• [DATA FOR THE TASK]:
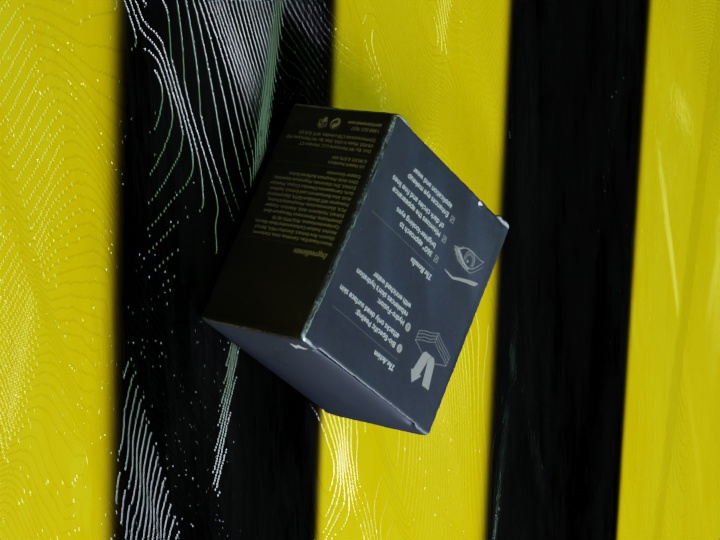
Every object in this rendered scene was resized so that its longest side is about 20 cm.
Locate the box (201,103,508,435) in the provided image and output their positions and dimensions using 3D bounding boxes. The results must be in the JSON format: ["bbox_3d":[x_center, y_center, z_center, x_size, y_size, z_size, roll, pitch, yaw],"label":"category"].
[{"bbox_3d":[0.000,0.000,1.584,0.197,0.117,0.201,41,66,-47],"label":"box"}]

...

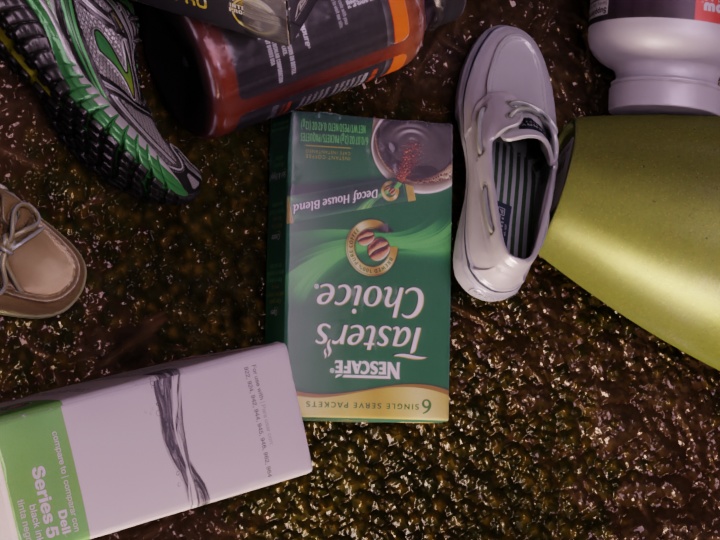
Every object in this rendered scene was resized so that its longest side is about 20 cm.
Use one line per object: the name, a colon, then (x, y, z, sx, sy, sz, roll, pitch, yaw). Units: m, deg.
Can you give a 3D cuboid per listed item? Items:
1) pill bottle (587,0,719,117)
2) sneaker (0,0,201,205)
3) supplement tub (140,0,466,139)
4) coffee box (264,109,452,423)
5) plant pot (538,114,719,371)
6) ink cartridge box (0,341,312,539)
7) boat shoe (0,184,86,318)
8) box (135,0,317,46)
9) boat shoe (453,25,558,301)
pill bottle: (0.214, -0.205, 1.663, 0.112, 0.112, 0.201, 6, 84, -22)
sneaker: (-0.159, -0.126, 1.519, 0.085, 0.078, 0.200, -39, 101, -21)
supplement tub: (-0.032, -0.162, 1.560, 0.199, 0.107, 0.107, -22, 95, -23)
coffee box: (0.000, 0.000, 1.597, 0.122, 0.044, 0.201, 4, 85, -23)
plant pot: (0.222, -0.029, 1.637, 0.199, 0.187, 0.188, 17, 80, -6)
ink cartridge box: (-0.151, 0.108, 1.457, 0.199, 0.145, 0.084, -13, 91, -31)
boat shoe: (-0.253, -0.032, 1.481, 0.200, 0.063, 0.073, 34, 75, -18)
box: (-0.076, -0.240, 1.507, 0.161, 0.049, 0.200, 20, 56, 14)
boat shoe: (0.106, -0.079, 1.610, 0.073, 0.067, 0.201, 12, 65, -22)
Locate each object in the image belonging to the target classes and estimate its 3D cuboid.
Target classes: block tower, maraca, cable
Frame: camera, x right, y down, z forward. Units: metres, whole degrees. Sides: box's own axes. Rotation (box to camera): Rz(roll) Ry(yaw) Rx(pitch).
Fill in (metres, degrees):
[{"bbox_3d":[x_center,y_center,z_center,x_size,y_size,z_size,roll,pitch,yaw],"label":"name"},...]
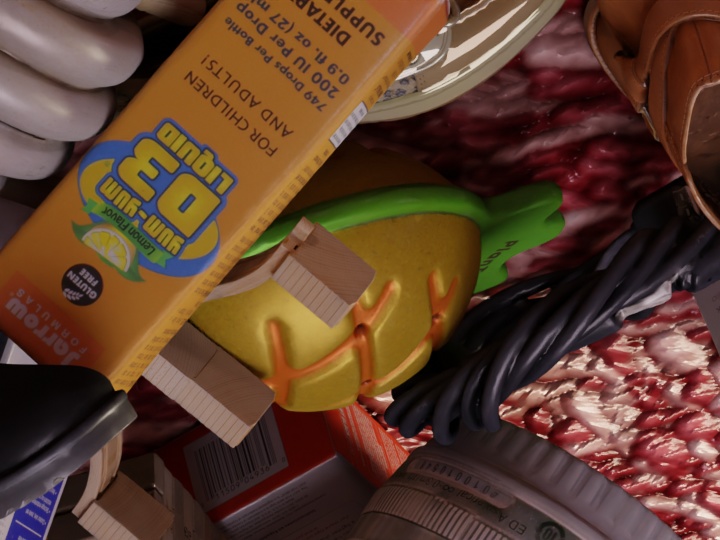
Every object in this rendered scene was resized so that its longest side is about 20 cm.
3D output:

• [TASK DETAILS]: Could you reproduce, exactly, every line above from the line with "1) pill bottle (587,0,719,117)" to the line with "Target classes: block tower, maraca, cable", and no other line? Both ends count.

• [SOLVED EXERCISE]:
1) pill bottle (587,0,719,117)
2) sneaker (0,0,201,205)
3) supplement tub (140,0,466,139)
4) coffee box (264,109,452,423)
5) plant pot (538,114,719,371)
6) ink cartridge box (0,341,312,539)
7) boat shoe (0,184,86,318)
8) box (135,0,317,46)
9) boat shoe (453,25,558,301)
pill bottle: (0.214, -0.205, 1.663, 0.112, 0.112, 0.201, 6, 84, -22)
sneaker: (-0.159, -0.126, 1.519, 0.085, 0.078, 0.200, -39, 101, -21)
supplement tub: (-0.032, -0.162, 1.560, 0.199, 0.107, 0.107, -22, 95, -23)
coffee box: (0.000, 0.000, 1.597, 0.122, 0.044, 0.201, 4, 85, -23)
plant pot: (0.222, -0.029, 1.637, 0.199, 0.187, 0.188, 17, 80, -6)
ink cartridge box: (-0.151, 0.108, 1.457, 0.199, 0.145, 0.084, -13, 91, -31)
boat shoe: (-0.253, -0.032, 1.481, 0.200, 0.063, 0.073, 34, 75, -18)
box: (-0.076, -0.240, 1.507, 0.161, 0.049, 0.200, 20, 56, 14)
boat shoe: (0.106, -0.079, 1.610, 0.073, 0.067, 0.201, 12, 65, -22)
Locate each object in the image belonging to the target classes and estimate its 3D cuboid.
Target classes: block tower, maraca, cable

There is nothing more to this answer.